O Papa também mencionou suas recentes viagens apostólicas à Turquia e ao Líbano, agradecendo às autoridades civis pela acolhida e colaboração.
Crise do multilateralismo e retorno da lógica da guerra
Ao analisar o contexto internacional, Leão XIV evocou a obra De Civitate Dei, de Santo Agostinho, para alertar contra o nacionalismo exacerbado, a manipulação da história e a perda do verdadeiro sentido da ação política. Segundo o Pontífice, temas como os fluxos migratórios e a reorganização dos equilíbrios geopolíticos continuam a desafiar gravemente a comunidade internacional.
“Preocupa particularmente a fragilidade do multilateralismo. Uma diplomacia do diálogo e do consenso está sendo substituída por uma diplomacia da força. A guerra voltou a estar na moda”, advertiu.
O Papa recordou que, após a Segunda Guerra Mundial, a comunidade internacional estabeleceu o princípio de não recorrer à força para violar fronteiras alheias, hoje frequentemente desrespeitado.
ONU, direito humanitário e linguagem pública
Leão XIV reiterou a importância da Organização das Nações Unidas, que completa 80 anos, como espaço de cooperação multilateral para a promoção da paz e dos direitos humanos fundamentais. No campo do direito internacional humanitário, foi categórico:
“A Santa Sé reitera com firmeza a sua condenação de qualquer forma de envolvimento de civis em operações militares.”
Sobre a liberdade de expressão, o Papa defendeu o diálogo responsável, alertando para o uso da linguagem como instrumento de agressão, inclusive nas redes sociais. Manifestou ainda preocupação com discursos que, sob o pretexto de inclusão, acabam excluindo quem não se adapta a determinadas ideologias.
Liberdade religiosa, perseguição e defesa da vida
O Pontífice reafirmou a liberdade de consciência e de religião como direitos fundamentais, condenando o antissemitismo e a crescente perseguição aos cristãos, que atinge mais de 380 milhões de fiéis no mundo. Citou situações preocupantes em países como Bangladesh, Nigéria, Síria e Moçambique, além de formas mais sutis de discriminação presentes na Europa e nas Américas.
Nesse contexto, voltou a pedir ações concretas contra o tráfico de pessoas, defendeu os migrantes e reiterou o apelo pela abolição da pena de morte.
Família, dignidade humana e novos desafios sociais
Leão XIV reafirmou a centralidade da família, fundada no matrimônio entre homem e mulher, e condenou práticas como o aborto e a gestação por substituição, alertando para a mercantilização da vida humana. Estendeu sua preocupação aos doentes, idosos, pessoas solitárias e jovens, especialmente vulneráveis à dependência química e à falta de perspectivas.
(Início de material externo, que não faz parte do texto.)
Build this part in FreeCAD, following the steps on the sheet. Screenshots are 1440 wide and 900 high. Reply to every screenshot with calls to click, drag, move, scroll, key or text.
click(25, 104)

Apelos pela paz e atenção à Venezuela
No campo geopolítico, o Papa renovou apelos por um cessar-fogo imediato na Ucrânia e na Terra Santa, reiterando que a solução de dois Estados continua sendo um caminho possível para o Oriente Médio.
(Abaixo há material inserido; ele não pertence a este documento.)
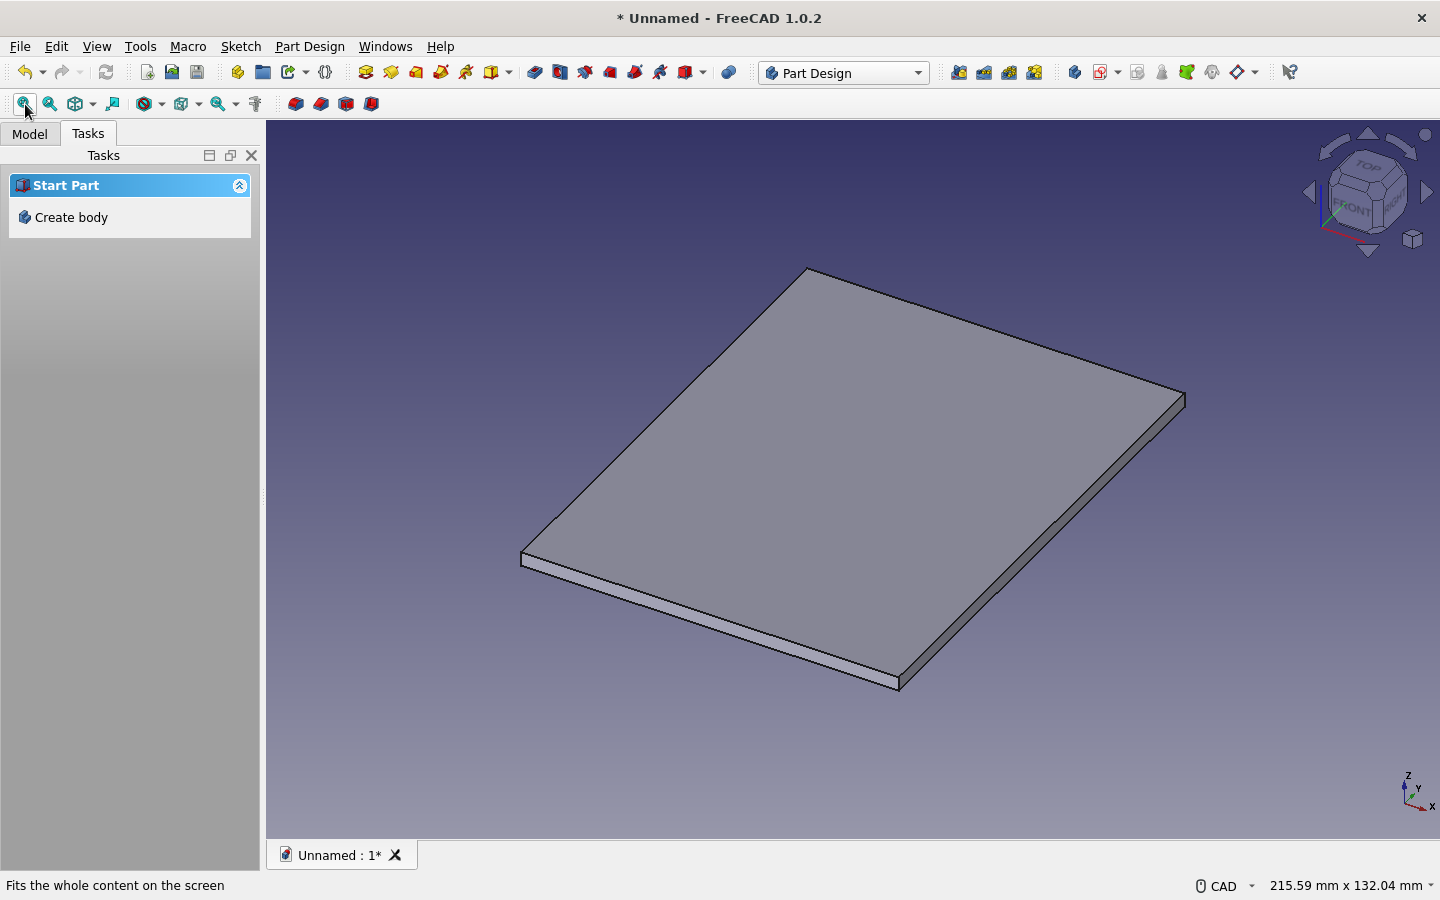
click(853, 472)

Na América Latina, manifestou preocupação com as tensões no Caribe, no Pacífico, no Haiti e, de modo particular, na Venezuela:
“Renovo o apelo ao respeito pela vontade do povo venezuelano e ao empenho na defesa dos direitos humanos e civis de todos”, afirmou, evocando o testemunho de São José Gregorio Hernández e Santa Carmen Rendiles como inspiração para a reconstrução do país.
Armas nucleares, inteligência artificial e esperança
Leão XIV alertou ainda para os perigos da proliferação de armas nucleares e destacou a importância da continuidade do tratado New START, que expira em fevereiro. Incluiu no horizonte dos desafios globais o uso ético da inteligência artificial, ressaltando a necessidade de colocar a tecnologia a serviço da humanidade.
Encerrando a audiência, o Papa deixou uma mensagem de esperança, afirmando que a paz permanece possível quando fundada na verdade e no perdão. Citando São Francisco de Assis, cujo oitavo centenário de morte será celebrado em outubro, concluiu:
“Um mundo pacífico se constrói a partir de um coração humilde. Um coração humilde e construtor de paz é o que desejo a cada um de nós e a todos os habitantes dos nossos países neste início de ano.”